ラスヒィはアルヴィンの傍に膝をついて、その傷口をなぞるように手を翳す。
「聖なる癒しの灯よ、その光を以て傷痍を癒せ。ファーストエイド」
医学の心得があるジュードやレイアと違い、本格的な治療や癒しの術が使えないラスヒィにはこれが精一杯。
この程度の治癒術では傷はろくに癒えないだろうが、そのまま放置しておくよりはマシだろう。

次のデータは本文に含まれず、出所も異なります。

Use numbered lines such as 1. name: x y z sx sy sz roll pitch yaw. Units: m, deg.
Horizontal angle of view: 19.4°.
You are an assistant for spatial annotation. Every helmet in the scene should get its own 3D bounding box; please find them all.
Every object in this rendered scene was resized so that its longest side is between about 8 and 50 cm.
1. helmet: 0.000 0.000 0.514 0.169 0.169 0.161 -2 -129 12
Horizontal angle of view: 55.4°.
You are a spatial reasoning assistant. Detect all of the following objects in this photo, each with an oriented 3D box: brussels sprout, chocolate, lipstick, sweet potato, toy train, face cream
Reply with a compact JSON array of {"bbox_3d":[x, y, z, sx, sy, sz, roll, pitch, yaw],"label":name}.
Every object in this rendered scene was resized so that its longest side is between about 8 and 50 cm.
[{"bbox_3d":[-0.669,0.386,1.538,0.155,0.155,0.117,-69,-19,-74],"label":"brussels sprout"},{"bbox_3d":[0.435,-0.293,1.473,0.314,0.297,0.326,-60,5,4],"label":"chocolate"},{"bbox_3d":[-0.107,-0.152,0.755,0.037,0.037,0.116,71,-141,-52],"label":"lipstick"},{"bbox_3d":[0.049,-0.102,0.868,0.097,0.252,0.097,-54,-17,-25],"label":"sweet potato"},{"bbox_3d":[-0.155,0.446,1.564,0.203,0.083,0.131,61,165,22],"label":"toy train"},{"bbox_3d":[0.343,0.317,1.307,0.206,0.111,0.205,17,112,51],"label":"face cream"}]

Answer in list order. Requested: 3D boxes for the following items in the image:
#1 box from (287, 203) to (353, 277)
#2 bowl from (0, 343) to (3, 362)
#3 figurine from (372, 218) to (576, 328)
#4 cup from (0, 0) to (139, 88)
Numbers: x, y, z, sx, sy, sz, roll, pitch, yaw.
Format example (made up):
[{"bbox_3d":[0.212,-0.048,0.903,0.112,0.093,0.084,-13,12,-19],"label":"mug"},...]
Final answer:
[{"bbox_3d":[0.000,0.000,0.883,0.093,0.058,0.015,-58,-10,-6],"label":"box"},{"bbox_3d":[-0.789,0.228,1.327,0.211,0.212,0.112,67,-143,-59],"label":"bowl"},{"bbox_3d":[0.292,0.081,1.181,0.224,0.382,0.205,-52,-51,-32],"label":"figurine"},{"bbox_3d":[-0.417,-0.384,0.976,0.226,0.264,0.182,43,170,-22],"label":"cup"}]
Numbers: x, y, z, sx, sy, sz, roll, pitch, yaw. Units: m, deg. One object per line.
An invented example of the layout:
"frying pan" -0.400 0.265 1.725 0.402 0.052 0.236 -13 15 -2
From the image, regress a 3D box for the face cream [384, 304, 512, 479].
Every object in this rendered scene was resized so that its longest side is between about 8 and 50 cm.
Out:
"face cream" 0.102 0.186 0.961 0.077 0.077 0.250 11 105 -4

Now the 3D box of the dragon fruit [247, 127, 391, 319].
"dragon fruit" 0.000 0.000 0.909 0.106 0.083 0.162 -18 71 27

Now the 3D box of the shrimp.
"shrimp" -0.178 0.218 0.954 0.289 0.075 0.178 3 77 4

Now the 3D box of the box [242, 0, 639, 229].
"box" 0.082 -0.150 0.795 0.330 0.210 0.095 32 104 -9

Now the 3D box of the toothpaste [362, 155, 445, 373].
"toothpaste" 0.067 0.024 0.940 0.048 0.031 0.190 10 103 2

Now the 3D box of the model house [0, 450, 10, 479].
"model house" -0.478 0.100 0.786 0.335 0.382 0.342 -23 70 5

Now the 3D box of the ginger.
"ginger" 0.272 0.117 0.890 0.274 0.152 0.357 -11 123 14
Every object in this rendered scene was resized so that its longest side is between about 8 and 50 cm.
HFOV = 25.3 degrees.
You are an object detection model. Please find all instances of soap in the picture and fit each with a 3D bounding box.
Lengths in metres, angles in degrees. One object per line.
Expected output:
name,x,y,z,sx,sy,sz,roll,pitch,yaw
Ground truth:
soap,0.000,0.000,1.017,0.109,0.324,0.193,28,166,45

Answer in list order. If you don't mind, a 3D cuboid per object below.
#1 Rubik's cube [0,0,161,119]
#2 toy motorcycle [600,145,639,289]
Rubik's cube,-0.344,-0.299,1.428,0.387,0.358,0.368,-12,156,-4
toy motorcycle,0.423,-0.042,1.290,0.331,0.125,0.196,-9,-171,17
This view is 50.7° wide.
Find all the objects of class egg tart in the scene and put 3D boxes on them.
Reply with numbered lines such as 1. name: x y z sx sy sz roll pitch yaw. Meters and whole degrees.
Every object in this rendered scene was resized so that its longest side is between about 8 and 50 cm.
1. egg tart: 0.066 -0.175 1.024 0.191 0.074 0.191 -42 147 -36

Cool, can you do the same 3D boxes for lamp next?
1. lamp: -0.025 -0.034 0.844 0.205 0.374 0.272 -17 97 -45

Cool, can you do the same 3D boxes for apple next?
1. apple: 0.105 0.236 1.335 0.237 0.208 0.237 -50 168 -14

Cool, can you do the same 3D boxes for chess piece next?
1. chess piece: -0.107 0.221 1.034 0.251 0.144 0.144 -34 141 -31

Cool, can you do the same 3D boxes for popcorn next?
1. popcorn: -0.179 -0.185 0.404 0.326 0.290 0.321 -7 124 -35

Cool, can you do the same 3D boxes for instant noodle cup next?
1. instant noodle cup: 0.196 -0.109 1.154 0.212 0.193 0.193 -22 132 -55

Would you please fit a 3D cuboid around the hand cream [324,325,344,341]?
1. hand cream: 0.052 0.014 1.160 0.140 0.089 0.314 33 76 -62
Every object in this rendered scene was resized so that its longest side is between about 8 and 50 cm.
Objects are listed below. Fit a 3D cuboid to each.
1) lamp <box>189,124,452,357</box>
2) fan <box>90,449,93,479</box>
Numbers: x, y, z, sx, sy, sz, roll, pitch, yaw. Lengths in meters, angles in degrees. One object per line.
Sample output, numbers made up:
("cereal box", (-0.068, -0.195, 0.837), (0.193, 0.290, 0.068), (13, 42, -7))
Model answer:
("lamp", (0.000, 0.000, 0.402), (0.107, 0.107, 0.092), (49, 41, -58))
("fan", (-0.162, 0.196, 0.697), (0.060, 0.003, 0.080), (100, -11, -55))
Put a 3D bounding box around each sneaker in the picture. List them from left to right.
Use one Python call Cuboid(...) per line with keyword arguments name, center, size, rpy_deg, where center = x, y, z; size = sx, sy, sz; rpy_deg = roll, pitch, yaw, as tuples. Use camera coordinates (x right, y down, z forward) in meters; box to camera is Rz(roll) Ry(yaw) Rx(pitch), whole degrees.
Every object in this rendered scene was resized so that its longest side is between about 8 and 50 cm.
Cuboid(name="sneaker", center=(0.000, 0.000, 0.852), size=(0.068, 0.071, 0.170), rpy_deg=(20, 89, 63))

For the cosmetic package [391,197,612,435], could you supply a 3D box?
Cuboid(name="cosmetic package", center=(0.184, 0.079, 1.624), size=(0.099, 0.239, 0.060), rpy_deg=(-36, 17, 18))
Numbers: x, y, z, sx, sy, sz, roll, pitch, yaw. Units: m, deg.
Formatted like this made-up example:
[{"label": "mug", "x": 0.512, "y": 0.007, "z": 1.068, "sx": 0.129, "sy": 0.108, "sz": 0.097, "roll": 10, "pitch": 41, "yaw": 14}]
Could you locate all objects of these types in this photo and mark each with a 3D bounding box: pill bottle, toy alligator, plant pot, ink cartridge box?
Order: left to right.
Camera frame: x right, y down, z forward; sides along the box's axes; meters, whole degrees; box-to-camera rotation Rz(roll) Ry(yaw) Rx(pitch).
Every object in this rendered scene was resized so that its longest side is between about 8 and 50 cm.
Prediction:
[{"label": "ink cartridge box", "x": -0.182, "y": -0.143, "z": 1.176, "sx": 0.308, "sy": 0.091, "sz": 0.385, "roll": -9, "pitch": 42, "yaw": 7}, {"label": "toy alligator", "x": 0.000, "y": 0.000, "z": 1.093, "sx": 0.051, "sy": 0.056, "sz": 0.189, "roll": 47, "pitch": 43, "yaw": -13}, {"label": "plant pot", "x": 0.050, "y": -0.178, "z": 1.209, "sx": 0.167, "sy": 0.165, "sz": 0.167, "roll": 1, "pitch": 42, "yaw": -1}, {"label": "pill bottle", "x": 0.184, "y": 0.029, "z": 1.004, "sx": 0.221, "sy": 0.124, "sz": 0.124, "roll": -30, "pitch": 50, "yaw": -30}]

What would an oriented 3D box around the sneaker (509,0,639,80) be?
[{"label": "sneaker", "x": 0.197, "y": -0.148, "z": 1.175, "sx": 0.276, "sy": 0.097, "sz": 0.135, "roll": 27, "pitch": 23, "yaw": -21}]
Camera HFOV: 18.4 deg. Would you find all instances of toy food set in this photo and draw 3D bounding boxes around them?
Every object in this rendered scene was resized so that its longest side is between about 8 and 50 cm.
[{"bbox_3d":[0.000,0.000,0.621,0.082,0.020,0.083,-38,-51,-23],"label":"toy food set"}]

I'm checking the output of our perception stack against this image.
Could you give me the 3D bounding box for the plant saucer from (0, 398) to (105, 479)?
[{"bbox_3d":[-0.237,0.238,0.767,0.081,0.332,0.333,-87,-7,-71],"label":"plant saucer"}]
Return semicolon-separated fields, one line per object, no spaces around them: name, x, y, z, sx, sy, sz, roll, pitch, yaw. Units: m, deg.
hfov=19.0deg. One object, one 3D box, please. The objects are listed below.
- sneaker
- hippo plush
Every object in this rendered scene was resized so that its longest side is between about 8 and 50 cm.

少しは痛みが和らいだのか、冷や汗を流していたアルヴィンの顔色も幾分マシになる。
「……サンキュ」
「……何ですかその嫌そうな顔は」
「別に嫌って訳じゃ……、ただ……」
「ただ?」
「……いや……何でもない」
ふい、と顔を背けて力なく吐き捨てるアルヴィンに、ラスヒィは嘆息。
まあ、ちゃんとミラの信頼には応えている分、いつもよりはマシだろう。
「エリーゼちゃんは怪我はしていませんか?」
「大丈夫……でも……」
何やらぐったりとしているティポを抱えたまま、エリーゼは涙ぐんでいた。
「ティポが……ティポが……!」
「ティポがどうかしたんですか?」
「はじめましてー、まずはぼくに名前をつけてねー」
一瞬、それがどこから発せられたのか理解出来なかった。
「え……」
「はじめましてー、まずはぼくに名前をつけてねー」
音の出所はティポだった。エリーゼの腕に抱かれたまま、抑揚のない声で同じ言葉を繰り返す。
「はじめましてー、まずはぼくに名前をつけてねー」
「やだ……っ、ティポ、なんで……っ!」
「はじめましてー、まずはぼくに名前をつけてねー」
壊れた玩具の様に繰り返すティポの声が、洞窟内に反響する。
いつもは明るく陽気に聞こえるその声が、今はただただ不気味だった。
「なん、ですか、あれ……」
「……アルクノアの一人がティポから何かを抜き出した途端、ああなっちまった」
「それって……」
「はじめましてー、まずはぼくに名前をつけてねー」
耐え切れなくなったエリーゼが泣き出しても、ティポは変わらなかった。
壊れた玩具。比喩ではなく、今のティポは正にそれなのだろう。
(まさか……あの時、戦わずに退いたアルクノアが持っていたのか……?)
だがティポの人格データなど奪ってどうするのか。それとも、他に何か秘められた能力でもあるのだろうか。
(そういえば、増霊極って言ってたな……)
つまりティポが、その増霊極と呼ばれる物なのだろうか。
一人思案していると、遠くから複数人の足音が近づいてくるのが聞こえた。
「ラスヒィ! 無事か!?」
敵襲かと警戒して武器に手を掛けたが、現れたのはミラ達だった。
エリーゼは壊れたティポを置いて、ミラに泣き縋る。
どうしたと問うミラに答える前に、ティポが再び言葉を繰り返した。